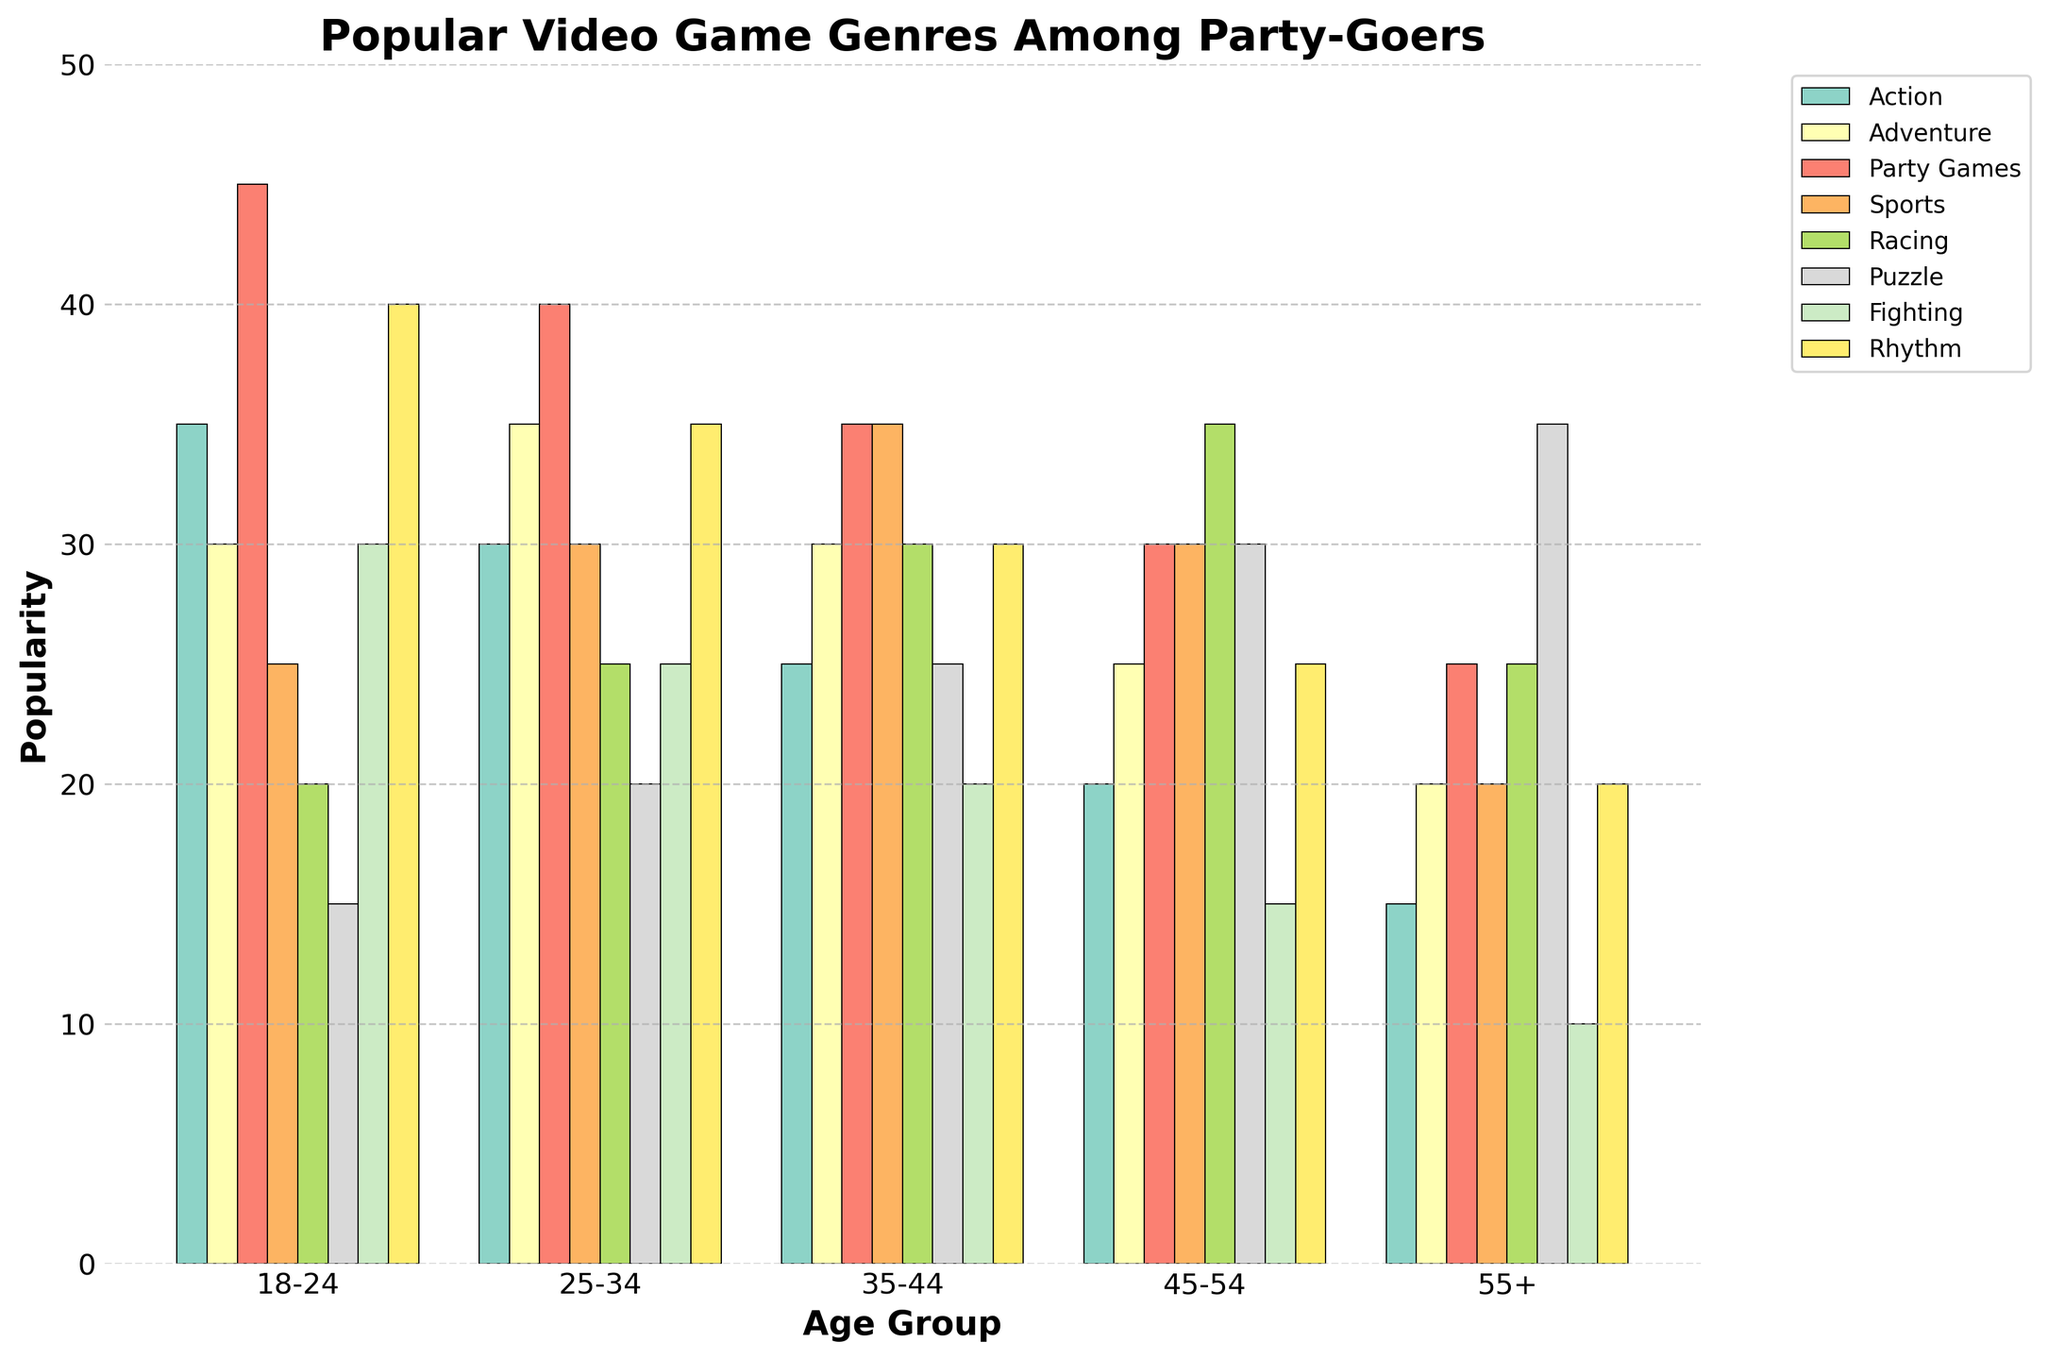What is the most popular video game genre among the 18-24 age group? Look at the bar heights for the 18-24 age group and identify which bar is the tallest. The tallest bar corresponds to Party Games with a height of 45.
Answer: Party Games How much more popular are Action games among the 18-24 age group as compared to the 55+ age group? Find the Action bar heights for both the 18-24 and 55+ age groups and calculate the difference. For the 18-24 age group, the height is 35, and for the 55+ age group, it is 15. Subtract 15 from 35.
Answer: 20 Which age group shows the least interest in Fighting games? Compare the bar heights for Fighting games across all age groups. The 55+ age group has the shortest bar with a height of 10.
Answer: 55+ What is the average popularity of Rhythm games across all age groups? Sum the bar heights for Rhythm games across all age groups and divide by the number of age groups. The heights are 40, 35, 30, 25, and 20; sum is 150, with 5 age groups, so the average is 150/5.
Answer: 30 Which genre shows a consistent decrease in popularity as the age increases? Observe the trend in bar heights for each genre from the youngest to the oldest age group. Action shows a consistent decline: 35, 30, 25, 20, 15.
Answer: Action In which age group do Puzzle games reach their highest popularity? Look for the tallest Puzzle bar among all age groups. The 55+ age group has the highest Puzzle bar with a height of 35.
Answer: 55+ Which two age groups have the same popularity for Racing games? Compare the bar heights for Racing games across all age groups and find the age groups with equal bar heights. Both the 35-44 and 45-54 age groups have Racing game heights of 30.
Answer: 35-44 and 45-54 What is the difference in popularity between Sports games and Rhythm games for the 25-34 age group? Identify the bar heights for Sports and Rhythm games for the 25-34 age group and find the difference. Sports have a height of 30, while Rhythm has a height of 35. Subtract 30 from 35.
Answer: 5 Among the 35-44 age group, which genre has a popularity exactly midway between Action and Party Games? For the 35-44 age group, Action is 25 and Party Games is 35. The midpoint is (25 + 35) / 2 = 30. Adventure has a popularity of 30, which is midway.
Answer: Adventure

★ ★ ★ ★ ★

TASK INSTRUCTIONS
Line by line, write out the material exactly, leaving the images out.

REPLY
What is the most popular video game genre among the 18-24 age group? Look at the bar heights for the 18-24 age group and identify which bar is the tallest. The tallest bar corresponds to Party Games with a height of 45.
Answer: Party Games How much more popular are Action games among the 18-24 age group as compared to the 55+ age group? Find the Action bar heights for both the 18-24 and 55+ age groups and calculate the difference. For the 18-24 age group, the height is 35, and for the 55+ age group, it is 15. Subtract 15 from 35.
Answer: 20 Which age group shows the least interest in Fighting games? Compare the bar heights for Fighting games across all age groups. The 55+ age group has the shortest bar with a height of 10.
Answer: 55+ What is the average popularity of Rhythm games across all age groups? Sum the bar heights for Rhythm games across all age groups and divide by the number of age groups. The heights are 40, 35, 30, 25, and 20; sum is 150, with 5 age groups, so the average is 150/5.
Answer: 30 Which genre shows a consistent decrease in popularity as the age increases? Observe the trend in bar heights for each genre from the youngest to the oldest age group. Action shows a consistent decline: 35, 30, 25, 20, 15.
Answer: Action In which age group do Puzzle games reach their highest popularity? Look for the tallest Puzzle bar among all age groups. The 55+ age group has the highest Puzzle bar with a height of 35.
Answer: 55+ Which two age groups have the same popularity for Racing games? Compare the bar heights for Racing games across all age groups and find the age groups with equal bar heights. Both the 35-44 and 45-54 age groups have Racing game heights of 30.
Answer: 35-44 and 45-54 What is the difference in popularity between Sports games and Rhythm games for the 25-34 age group? Identify the bar heights for Sports and Rhythm games for the 25-34 age group and find the difference. Sports have a height of 30, while Rhythm has a height of 35. Subtract 30 from 35.
Answer: 5 Among the 35-44 age group, which genre has a popularity exactly midway between Action and Party Games? For the 35-44 age group, Action is 25 and Party Games is 35. The midpoint is (25 + 35) / 2 = 30. Adventure has a popularity of 30, which is midway.
Answer: Adventure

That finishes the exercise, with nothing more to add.